▶ **AIM OF THE EXERCISE**
Match the string "object" against each line below, and copy every line that matches.

▶ **AVAILABLE DATA**

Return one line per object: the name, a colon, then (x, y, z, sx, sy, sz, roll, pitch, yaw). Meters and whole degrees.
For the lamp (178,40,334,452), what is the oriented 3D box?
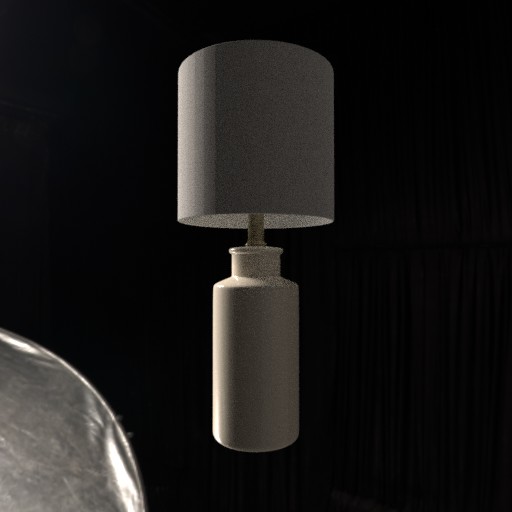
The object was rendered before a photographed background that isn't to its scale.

▶ **SOLUTION TO THIS TASK**
Return one line per object: the name, a colon, then (x, y, z, sx, sy, sz, roll, pitch, yaw). Meters and whole degrees.
The object was rendered before a photographed background that isn't to its scale.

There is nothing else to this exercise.